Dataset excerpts

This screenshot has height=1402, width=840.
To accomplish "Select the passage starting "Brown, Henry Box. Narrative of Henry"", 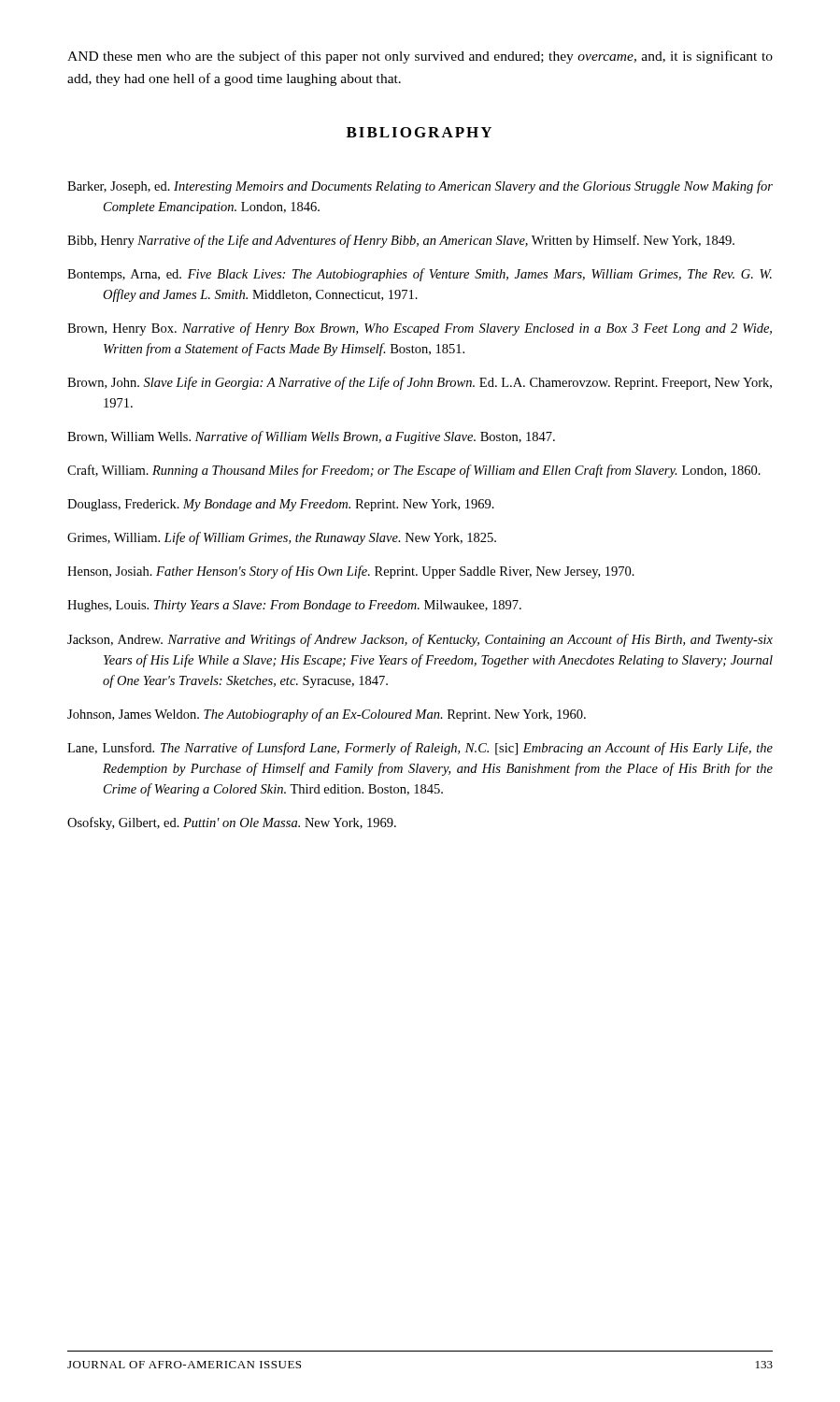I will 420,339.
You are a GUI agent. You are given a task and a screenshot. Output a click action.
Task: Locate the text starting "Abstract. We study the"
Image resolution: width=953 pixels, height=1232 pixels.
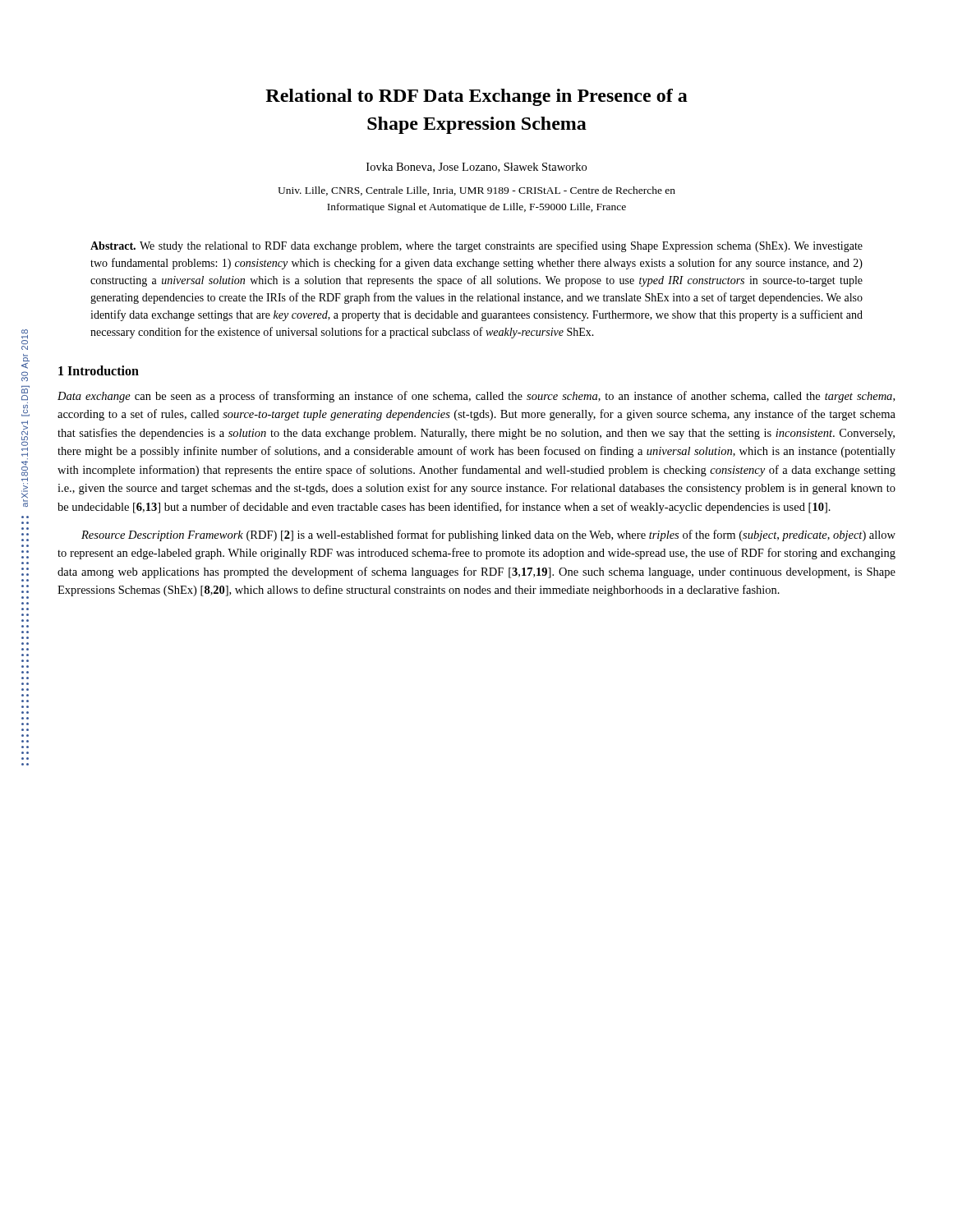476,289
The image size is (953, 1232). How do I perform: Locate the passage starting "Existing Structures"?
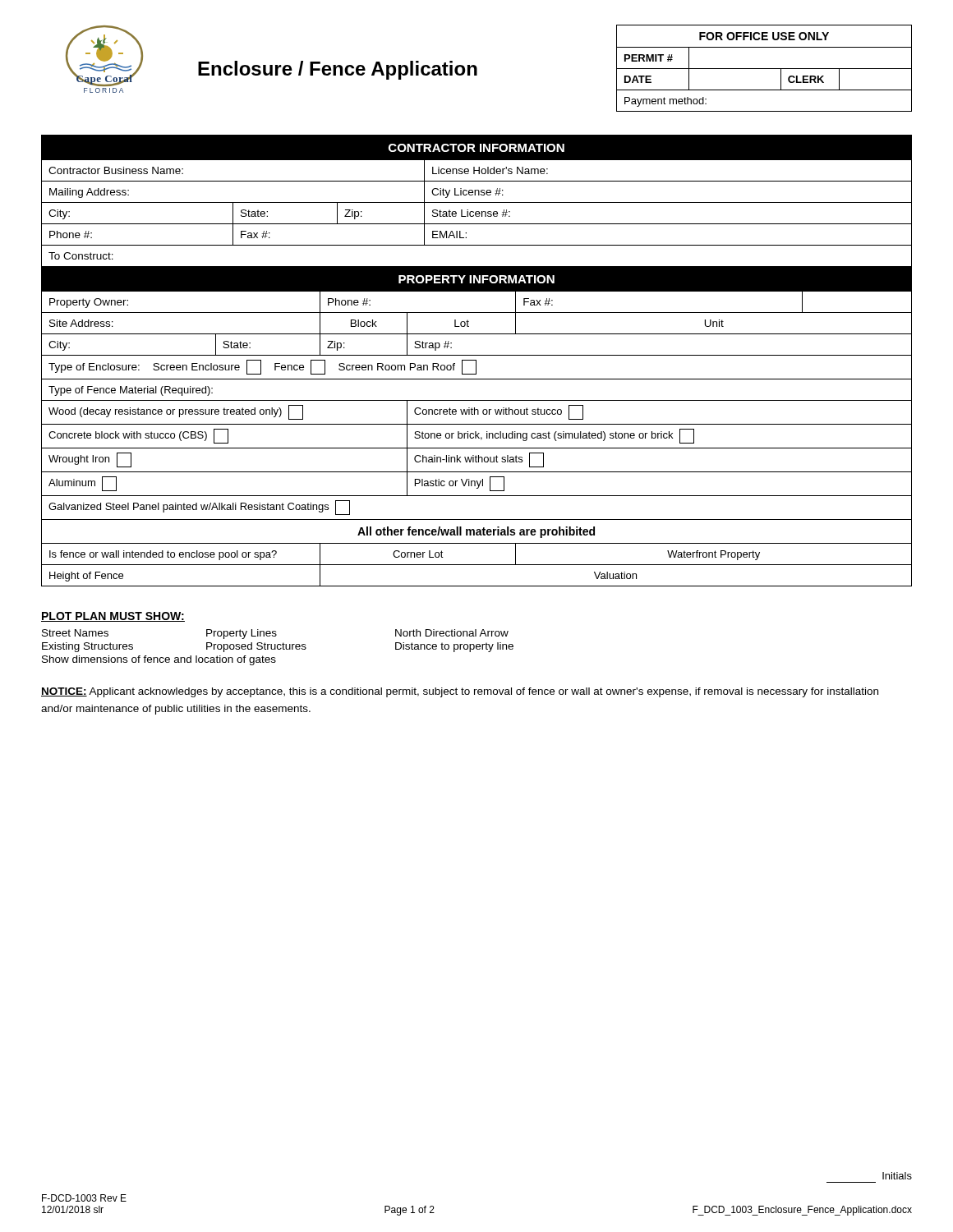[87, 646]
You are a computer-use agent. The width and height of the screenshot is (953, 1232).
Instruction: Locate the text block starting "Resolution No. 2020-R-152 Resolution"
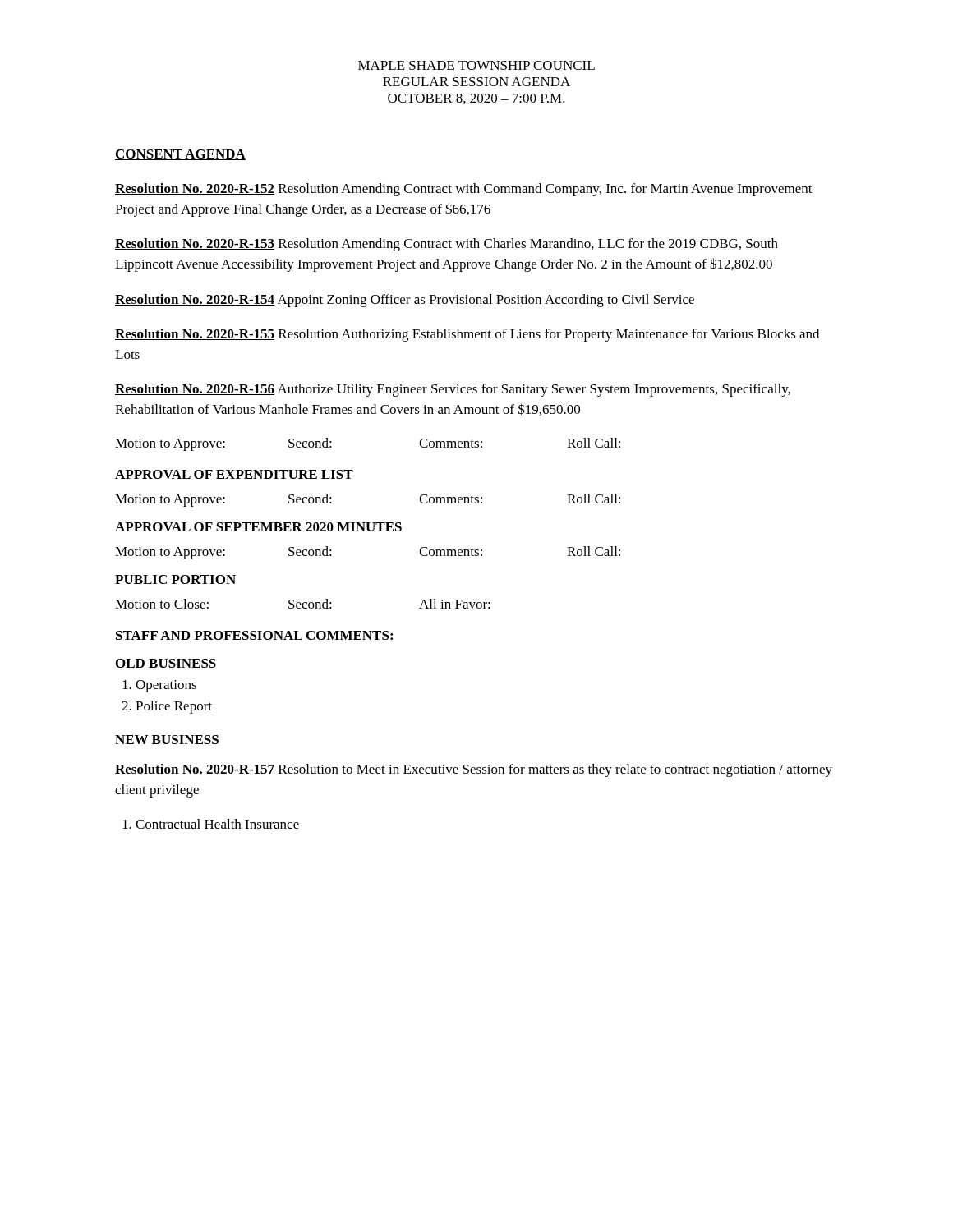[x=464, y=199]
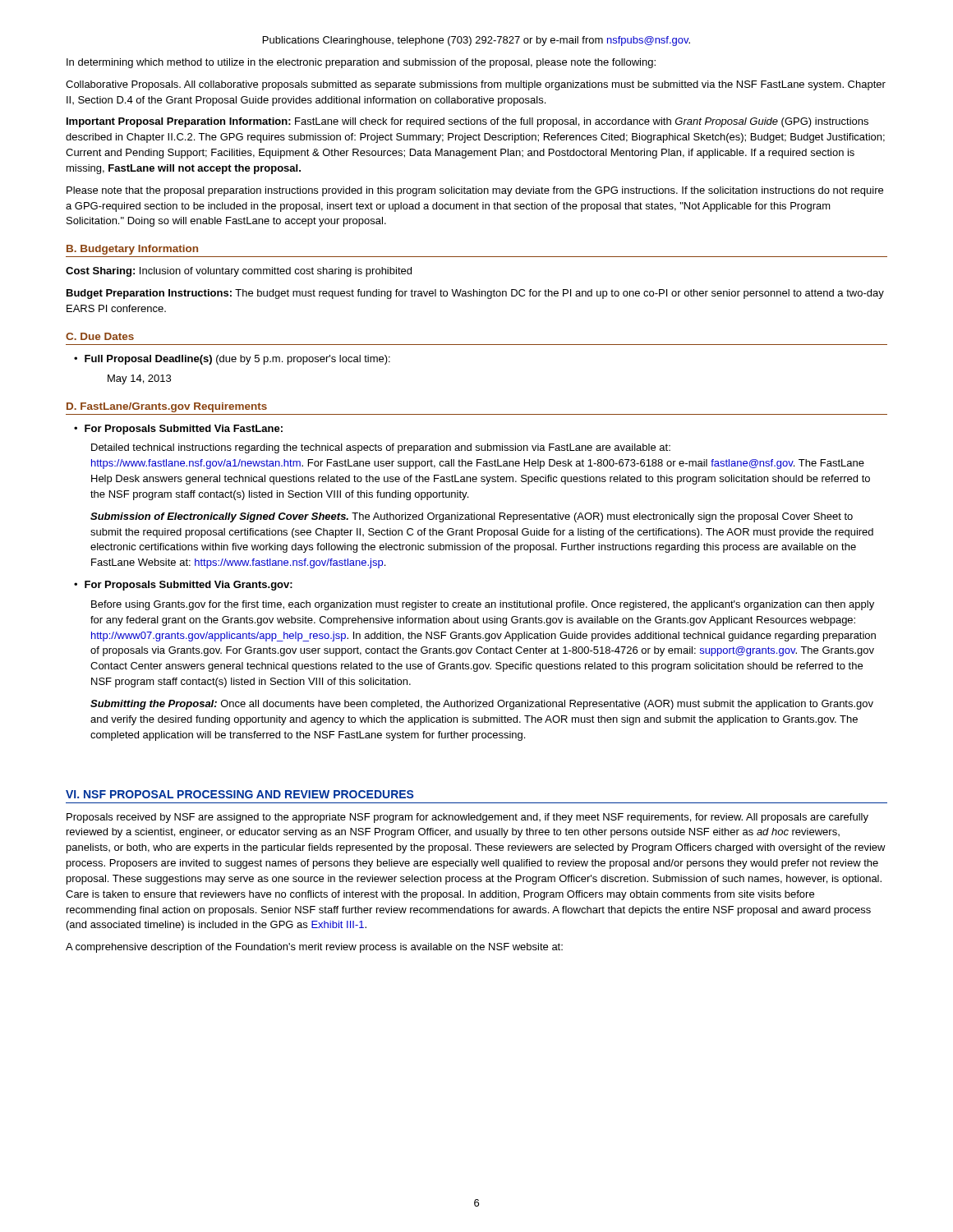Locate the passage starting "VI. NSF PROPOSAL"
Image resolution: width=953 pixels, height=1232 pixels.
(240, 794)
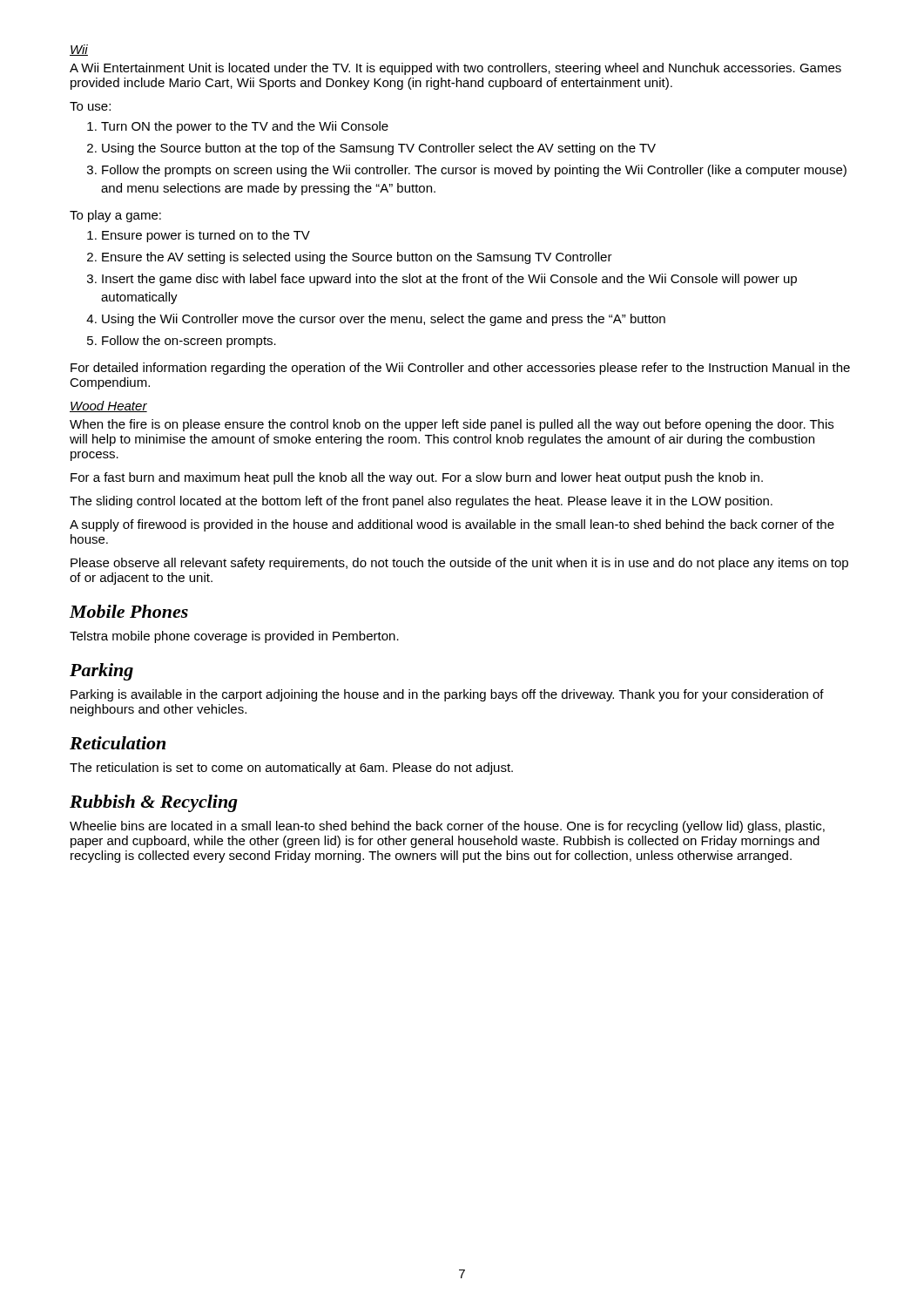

● **What is needed**: The reply needs to repeat exactly the line containing "You are a computer-use" and each line after it, through the final line of the entries above, and to skip the pictures.

● **Your solution**:
You are a computer-use agent. The width and height of the screenshot is (953, 1232).
Instruction: Locate the text block starting "Resolution No. 2020-R-152 Resolution"
[x=464, y=199]
Locate the passage starting "VI. NSF PROPOSAL"
Image resolution: width=953 pixels, height=1232 pixels.
(240, 794)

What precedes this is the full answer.